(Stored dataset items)
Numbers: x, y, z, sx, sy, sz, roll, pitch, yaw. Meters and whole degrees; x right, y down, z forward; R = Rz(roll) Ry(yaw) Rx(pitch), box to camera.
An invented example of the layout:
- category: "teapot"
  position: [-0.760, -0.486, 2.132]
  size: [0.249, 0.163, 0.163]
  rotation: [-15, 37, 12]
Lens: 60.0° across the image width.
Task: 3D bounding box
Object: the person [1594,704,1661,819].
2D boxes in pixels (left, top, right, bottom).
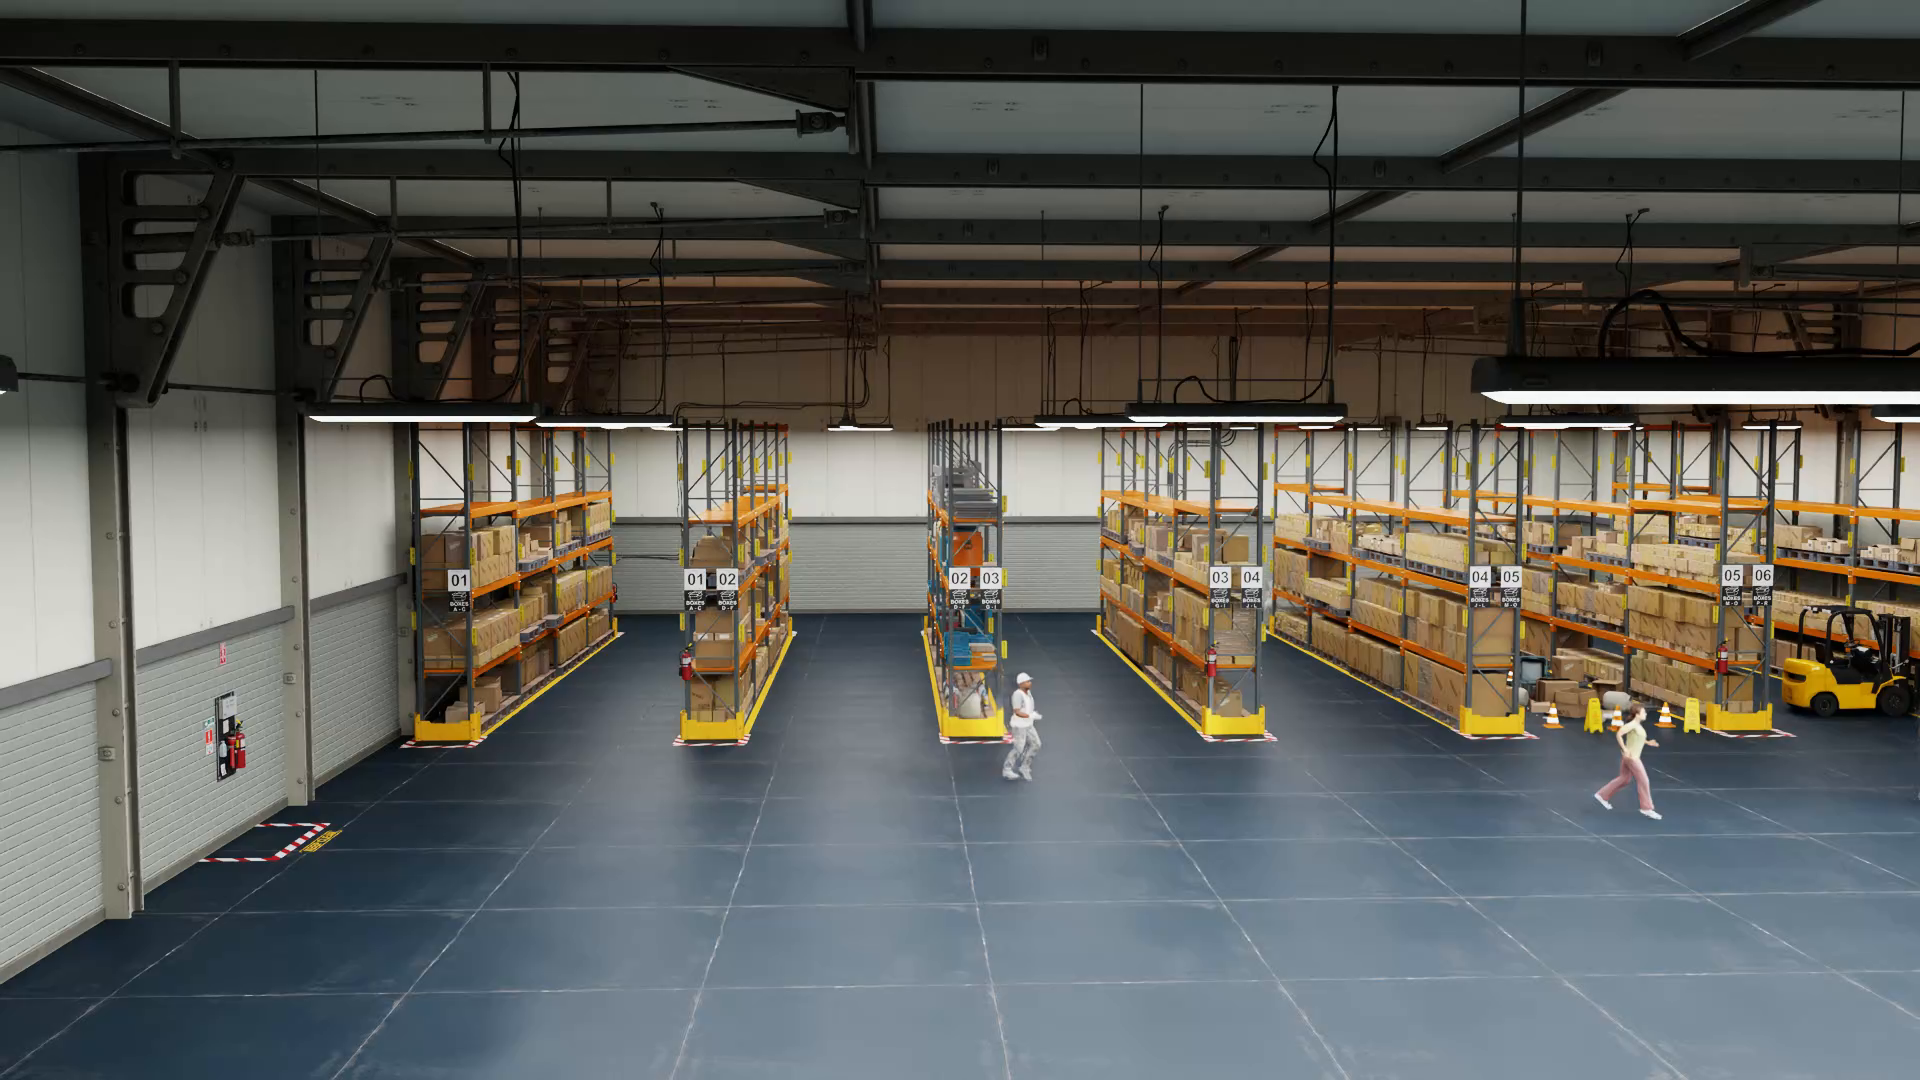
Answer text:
- category: "person"
  position: [10.024, 3.289, 24.926]
  size: [0.954, 1.679, 0.532]
  rotation: [2, 4, 24]

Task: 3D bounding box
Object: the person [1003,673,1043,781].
- category: "person"
  position: [1.065, 3.097, 27.387]
  size: [0.724, 1.827, 0.706]
  rotation: [2, 4, 25]

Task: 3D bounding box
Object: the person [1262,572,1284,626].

§ EXERCISE REQUIREMENTS: Within the data above, count the lines that contain the string "right"; the reply is the number alone.

§ SOLUTION TO THE PROBLEM: 2